As the leader of the Glee Club, Mr. Schuester was not afraid to sing along with his students. He performed with them several times, often crossing the boundaries of appropriate student/teacher behavior. Nowhere is this lack of boundaries more apparent than in his rendition of Robin Thicke’s “Blurred Lines”.

mr. Schue plays this downright insulting song during Season 5, along with a chorus of college students twerking around him. The lyrics to the song are bad enough, but Mr.

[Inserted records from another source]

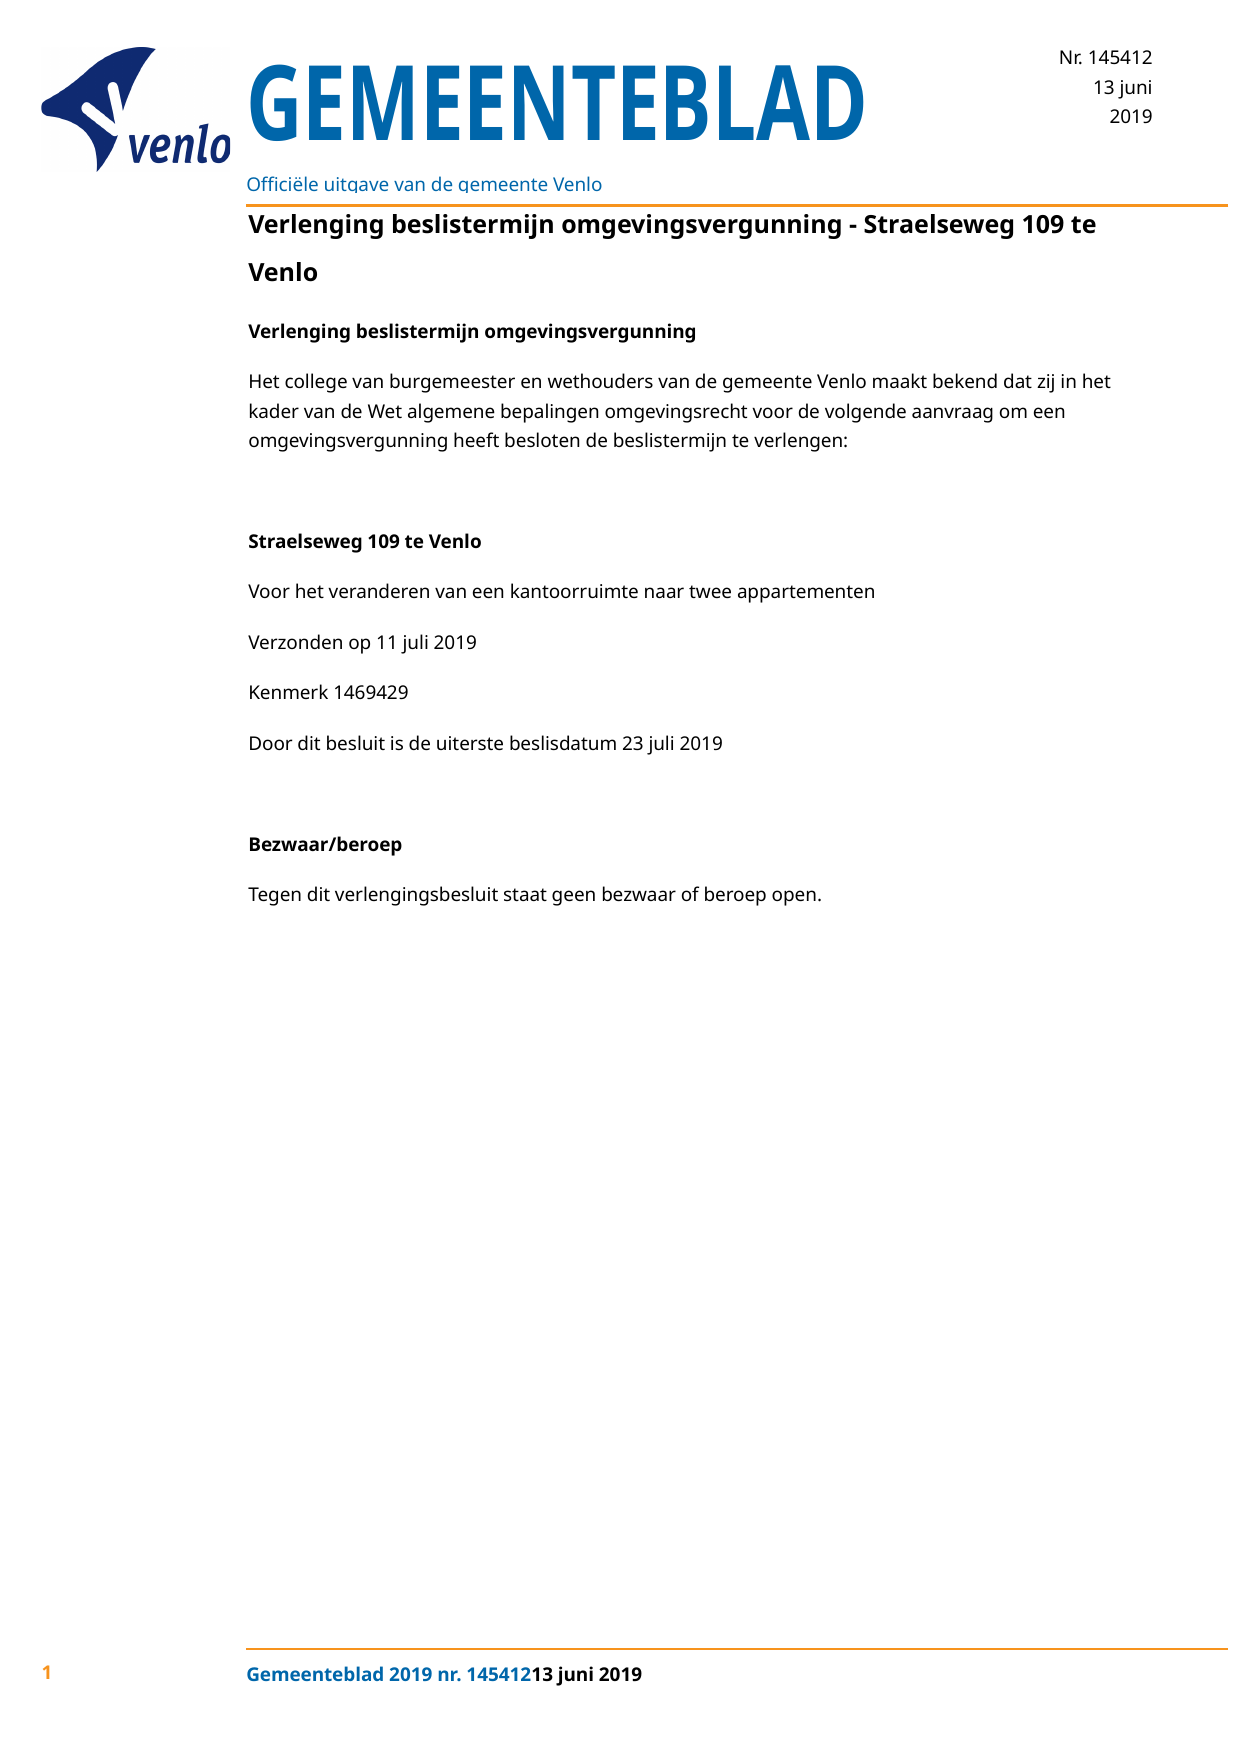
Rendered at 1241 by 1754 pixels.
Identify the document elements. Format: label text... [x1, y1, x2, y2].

text Bezwaar/beroep [248, 831, 1152, 857]
text Straelseweg 109 te Venlo [248, 528, 1152, 554]
text Kenmerk 1469429 [248, 679, 1152, 705]
text Door dit besluit is de uiterste beslisdatum 23 juli 2019 [248, 730, 1152, 756]
text Voor het veranderen van een kantoorruimte naar twee appartementen [248, 579, 1152, 604]
text Het college van burgemeester en wethouders van de gemeente Venlo maakt bekend dat zij in het kader van de Wet algemene bepalingen omgevingsrecht voor de volgende aanvraag om een omgevingsvergunning heeft besloten de beslistermijn te verlengen: [248, 368, 1152, 453]
picture [41, 47, 231, 172]
text Tegen dit verlengingsbesluit staat geen bezwaar of beroep open. [248, 881, 1152, 907]
text Verzonden op 11 juli 2019 [248, 629, 1152, 655]
text Verlenging beslistermijn omgevingsvergunning [248, 318, 1152, 344]
text Verlenging beslistermijn omgevingsvergunning - Straelseweg 109 te Venlo [248, 207, 1152, 288]

Schue’s willingness to let students dance around and, in some cases, be inappropriately close to him may be the worst thing the teacher has ever done.

give me more

Some fans willingly ignore some of cheerfulness‘s most problematic elements. But even the most passionate of Gleeks can’t forgive the unfair and cruel treatment of Britney Spears during Season 4’s now infamous “Britney 2.0” episode. The story sees Brittany collapse in a similar fashion to Spears’ very public 2007 troubles. The show even goes so far as to recreate some of her most vulnerable moments, including her infamous 2007 VMA appearance.

Spears granted the show the rights to its entire music catalog, in hopes of one of cheerfulness‘s famous tribute. Instead of, cheerfulness flatly mocked her and reduced her struggle to a punch line. In the wake of the #FreeBritney movement, ‘Britney 2.0’ becomes the perfect example of how unfair and cruel the media has behaved towards Spears.